→ **Record set**
****************
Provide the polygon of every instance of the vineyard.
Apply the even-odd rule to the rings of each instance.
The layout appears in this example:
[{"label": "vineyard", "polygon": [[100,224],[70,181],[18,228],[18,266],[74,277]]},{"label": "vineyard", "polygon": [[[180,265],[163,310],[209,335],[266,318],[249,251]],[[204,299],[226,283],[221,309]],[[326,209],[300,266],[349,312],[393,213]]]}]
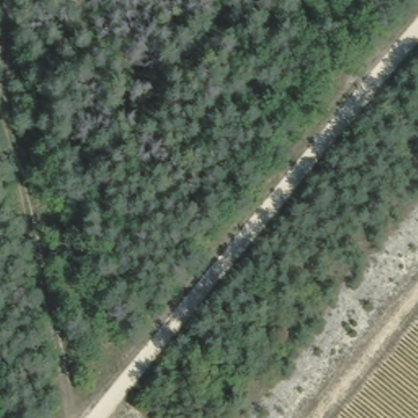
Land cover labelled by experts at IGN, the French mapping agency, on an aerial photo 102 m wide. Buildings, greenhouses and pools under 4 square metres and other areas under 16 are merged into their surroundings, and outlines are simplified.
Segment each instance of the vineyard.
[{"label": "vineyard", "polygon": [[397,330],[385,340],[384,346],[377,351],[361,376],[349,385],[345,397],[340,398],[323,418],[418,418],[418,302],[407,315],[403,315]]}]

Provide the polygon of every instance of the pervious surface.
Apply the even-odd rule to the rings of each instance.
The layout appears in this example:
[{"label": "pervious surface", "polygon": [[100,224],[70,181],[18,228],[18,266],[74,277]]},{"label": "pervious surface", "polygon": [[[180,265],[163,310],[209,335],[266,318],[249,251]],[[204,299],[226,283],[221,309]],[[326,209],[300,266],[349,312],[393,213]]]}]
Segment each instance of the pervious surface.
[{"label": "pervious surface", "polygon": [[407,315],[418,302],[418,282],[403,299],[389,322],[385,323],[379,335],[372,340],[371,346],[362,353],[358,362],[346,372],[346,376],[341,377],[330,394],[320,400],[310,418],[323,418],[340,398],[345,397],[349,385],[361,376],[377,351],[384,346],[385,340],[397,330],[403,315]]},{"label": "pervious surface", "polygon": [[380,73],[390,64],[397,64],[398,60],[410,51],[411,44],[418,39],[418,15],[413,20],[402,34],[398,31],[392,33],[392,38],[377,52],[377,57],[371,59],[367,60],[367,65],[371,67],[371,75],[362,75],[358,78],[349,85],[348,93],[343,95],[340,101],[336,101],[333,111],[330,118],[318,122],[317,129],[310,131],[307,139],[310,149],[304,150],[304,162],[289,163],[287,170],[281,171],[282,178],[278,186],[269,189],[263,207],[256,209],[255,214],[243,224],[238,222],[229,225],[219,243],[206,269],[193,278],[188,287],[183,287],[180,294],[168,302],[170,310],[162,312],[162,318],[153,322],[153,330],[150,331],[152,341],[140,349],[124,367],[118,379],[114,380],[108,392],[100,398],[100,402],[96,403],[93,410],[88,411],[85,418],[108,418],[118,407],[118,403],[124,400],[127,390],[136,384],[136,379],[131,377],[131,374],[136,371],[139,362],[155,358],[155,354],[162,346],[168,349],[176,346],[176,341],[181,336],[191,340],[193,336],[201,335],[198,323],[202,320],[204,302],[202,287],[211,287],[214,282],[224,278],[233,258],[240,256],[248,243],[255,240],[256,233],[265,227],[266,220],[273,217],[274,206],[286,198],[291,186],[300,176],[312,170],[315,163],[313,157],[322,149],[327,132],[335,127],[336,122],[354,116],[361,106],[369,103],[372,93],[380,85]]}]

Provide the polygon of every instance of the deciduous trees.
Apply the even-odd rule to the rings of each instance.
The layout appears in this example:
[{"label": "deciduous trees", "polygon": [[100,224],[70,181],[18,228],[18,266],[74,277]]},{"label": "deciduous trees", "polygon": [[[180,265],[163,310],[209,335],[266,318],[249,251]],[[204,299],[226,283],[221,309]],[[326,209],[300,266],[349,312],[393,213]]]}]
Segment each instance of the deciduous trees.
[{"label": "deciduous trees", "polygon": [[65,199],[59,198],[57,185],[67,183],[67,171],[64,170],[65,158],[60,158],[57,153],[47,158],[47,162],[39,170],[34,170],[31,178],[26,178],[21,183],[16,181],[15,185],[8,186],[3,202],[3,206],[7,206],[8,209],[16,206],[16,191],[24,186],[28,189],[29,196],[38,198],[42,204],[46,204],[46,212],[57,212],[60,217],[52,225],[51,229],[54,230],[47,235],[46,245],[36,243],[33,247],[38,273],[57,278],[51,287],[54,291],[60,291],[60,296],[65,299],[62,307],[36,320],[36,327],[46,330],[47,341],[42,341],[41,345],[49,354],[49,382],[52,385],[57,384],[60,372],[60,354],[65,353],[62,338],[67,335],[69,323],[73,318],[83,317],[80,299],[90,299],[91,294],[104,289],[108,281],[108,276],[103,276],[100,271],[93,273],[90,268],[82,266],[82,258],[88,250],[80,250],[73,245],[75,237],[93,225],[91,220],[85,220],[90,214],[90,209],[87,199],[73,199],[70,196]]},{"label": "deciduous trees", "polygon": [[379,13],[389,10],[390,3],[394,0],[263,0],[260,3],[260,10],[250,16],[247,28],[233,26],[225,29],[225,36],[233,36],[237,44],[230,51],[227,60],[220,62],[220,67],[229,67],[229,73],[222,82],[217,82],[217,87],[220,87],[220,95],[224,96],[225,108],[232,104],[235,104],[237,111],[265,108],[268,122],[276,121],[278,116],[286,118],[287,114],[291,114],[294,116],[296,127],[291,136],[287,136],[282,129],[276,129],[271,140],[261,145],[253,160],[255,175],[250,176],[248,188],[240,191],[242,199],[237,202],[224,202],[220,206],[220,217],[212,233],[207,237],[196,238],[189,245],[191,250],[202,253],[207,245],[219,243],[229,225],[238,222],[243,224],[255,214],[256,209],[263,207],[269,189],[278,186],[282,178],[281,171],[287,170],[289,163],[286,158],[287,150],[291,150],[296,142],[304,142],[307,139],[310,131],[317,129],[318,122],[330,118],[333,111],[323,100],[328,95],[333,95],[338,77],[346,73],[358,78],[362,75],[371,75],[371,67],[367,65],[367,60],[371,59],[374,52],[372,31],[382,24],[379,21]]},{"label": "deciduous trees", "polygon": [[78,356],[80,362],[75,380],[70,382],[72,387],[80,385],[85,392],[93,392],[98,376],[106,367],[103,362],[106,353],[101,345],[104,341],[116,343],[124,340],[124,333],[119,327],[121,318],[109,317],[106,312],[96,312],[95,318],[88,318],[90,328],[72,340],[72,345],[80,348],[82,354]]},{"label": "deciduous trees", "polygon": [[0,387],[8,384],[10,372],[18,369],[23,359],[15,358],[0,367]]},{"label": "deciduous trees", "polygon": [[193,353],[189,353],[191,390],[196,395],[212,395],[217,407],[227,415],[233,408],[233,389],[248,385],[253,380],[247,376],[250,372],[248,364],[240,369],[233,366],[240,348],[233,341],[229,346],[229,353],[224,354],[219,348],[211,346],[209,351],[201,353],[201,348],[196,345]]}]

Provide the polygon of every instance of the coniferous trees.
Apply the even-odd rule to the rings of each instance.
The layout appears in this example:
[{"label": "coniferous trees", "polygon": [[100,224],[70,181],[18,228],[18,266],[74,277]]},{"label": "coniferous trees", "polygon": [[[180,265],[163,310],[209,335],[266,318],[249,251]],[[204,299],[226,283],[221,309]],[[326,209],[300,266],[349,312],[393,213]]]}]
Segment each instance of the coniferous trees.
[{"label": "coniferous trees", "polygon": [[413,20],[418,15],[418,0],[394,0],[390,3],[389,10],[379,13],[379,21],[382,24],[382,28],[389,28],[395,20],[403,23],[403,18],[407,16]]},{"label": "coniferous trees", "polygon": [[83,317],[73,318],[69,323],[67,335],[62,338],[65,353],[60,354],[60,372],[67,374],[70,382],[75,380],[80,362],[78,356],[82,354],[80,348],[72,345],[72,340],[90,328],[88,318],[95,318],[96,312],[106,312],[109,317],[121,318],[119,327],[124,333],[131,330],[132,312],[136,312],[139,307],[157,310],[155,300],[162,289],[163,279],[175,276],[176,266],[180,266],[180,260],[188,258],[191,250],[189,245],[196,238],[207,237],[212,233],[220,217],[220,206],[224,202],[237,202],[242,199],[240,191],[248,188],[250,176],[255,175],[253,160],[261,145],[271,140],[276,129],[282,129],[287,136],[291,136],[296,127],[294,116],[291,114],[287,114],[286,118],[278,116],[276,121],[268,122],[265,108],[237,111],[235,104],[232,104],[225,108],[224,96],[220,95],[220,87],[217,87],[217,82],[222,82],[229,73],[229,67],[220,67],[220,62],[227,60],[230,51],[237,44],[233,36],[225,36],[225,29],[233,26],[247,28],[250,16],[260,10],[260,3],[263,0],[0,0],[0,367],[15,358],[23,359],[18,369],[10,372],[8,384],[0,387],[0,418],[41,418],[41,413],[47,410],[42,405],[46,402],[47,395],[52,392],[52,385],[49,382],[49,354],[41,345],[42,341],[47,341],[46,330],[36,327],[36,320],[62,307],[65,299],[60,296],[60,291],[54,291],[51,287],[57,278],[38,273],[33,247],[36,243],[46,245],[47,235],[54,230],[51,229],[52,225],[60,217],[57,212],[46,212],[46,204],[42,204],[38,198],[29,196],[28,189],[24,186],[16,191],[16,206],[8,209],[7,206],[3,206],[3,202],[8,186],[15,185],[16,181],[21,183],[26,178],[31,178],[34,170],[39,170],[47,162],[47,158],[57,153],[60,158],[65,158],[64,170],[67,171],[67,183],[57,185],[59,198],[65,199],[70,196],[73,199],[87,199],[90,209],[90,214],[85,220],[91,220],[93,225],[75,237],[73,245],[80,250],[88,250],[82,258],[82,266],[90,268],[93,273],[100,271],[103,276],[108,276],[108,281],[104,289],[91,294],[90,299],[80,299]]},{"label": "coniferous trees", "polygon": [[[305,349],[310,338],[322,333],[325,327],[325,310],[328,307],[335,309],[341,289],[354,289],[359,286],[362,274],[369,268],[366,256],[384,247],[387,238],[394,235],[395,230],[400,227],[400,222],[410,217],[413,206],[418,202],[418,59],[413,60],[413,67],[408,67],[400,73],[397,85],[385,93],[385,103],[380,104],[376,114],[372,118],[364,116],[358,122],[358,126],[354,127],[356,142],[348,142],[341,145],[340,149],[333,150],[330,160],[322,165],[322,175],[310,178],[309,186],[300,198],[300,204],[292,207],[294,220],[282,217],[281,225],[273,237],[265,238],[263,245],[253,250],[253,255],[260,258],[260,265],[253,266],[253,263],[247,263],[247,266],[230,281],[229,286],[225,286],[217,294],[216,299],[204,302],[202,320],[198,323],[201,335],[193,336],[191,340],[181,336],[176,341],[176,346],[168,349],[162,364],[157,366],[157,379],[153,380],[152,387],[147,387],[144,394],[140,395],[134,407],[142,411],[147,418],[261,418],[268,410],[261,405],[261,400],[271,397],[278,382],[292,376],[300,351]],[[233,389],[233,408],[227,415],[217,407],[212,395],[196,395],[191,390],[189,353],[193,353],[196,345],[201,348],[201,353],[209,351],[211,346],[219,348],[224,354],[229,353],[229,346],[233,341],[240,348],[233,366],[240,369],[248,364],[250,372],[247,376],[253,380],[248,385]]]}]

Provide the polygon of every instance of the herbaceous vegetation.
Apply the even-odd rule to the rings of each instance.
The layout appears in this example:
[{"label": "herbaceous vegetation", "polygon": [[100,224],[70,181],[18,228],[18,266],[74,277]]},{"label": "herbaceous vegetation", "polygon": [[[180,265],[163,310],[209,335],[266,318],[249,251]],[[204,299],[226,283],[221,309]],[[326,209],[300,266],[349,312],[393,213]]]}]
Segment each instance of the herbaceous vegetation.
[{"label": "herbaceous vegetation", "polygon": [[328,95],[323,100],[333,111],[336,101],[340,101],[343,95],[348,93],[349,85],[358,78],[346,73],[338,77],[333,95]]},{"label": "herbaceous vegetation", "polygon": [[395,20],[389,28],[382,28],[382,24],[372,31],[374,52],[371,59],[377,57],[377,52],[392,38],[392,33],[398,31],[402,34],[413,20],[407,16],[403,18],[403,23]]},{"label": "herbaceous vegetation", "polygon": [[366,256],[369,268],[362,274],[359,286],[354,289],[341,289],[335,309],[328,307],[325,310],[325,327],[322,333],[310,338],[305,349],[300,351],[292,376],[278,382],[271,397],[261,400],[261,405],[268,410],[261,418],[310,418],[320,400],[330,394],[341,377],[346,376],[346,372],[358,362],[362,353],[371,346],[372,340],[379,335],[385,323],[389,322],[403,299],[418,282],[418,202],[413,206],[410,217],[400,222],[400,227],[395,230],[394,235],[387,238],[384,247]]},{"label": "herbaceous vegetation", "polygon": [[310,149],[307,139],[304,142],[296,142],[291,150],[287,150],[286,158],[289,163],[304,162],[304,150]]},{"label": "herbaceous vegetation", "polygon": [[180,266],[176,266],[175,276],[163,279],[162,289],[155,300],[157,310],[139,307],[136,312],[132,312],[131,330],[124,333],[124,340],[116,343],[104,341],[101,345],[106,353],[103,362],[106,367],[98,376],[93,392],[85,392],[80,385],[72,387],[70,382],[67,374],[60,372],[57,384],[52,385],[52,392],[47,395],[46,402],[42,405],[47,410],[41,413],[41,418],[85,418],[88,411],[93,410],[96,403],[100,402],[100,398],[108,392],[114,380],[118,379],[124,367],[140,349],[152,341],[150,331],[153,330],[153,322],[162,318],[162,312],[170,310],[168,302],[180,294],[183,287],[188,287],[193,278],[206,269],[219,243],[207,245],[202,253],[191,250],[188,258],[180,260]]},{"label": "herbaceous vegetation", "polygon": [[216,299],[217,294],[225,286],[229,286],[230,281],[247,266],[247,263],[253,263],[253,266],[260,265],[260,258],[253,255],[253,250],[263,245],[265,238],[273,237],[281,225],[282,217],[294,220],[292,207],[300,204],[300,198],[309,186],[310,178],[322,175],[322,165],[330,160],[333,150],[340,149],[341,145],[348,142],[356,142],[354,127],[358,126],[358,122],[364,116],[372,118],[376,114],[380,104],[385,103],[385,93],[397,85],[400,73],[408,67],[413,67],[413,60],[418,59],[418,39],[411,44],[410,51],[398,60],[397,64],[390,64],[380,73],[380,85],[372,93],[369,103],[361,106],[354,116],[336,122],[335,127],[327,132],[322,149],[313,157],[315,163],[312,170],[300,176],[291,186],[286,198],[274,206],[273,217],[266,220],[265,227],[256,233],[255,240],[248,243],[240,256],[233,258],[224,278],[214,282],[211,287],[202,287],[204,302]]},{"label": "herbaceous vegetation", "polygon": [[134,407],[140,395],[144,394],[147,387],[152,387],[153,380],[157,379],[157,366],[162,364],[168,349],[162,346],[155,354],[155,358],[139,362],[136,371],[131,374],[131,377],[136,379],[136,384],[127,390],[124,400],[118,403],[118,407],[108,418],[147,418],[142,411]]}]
****************
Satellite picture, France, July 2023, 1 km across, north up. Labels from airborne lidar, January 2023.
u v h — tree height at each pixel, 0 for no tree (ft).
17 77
****************
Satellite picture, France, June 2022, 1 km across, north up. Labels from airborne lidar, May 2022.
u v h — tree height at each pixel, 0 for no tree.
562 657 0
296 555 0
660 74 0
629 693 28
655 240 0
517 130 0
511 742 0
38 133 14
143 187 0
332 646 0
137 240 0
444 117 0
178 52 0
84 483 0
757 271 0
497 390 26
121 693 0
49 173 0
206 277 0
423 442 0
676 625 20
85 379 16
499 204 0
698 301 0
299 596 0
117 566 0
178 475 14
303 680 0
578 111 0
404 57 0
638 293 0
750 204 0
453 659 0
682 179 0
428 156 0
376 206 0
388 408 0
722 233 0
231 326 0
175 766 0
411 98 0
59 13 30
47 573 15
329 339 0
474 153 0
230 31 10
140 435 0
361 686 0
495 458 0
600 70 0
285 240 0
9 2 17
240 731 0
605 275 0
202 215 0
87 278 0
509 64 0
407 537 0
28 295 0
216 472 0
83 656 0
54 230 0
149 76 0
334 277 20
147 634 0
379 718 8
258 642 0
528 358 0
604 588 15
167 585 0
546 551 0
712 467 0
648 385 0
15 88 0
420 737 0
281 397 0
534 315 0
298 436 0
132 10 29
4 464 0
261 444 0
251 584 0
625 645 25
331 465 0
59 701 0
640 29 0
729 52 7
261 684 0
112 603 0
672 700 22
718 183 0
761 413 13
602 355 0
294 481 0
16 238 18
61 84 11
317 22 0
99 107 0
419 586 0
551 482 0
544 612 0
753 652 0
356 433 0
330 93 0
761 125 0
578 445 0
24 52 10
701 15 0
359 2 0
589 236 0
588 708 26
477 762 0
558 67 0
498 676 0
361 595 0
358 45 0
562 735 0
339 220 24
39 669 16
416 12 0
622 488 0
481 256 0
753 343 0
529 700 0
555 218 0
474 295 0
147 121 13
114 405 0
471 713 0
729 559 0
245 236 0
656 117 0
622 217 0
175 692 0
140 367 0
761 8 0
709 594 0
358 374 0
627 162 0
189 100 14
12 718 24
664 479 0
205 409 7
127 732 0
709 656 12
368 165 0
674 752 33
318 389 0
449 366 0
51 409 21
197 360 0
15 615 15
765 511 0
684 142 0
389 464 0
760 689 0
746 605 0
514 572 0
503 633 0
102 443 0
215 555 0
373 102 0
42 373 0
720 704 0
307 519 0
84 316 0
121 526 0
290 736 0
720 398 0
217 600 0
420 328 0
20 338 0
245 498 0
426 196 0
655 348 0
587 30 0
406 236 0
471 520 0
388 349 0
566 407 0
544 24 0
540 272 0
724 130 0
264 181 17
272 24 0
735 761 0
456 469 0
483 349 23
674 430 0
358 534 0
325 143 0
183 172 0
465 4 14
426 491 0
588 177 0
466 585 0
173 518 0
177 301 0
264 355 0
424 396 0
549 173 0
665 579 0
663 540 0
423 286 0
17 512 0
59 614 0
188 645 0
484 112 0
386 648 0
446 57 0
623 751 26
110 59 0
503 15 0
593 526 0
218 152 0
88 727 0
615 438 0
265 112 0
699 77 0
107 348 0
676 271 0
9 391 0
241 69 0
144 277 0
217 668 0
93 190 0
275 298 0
****************
→ **Task prompt**
The response consists of the lines above that contain "height".

→ **Expected answer**
u v h — tree height at each pixel, 0 for no tree (ft).
u v h — tree height at each pixel, 0 for no tree.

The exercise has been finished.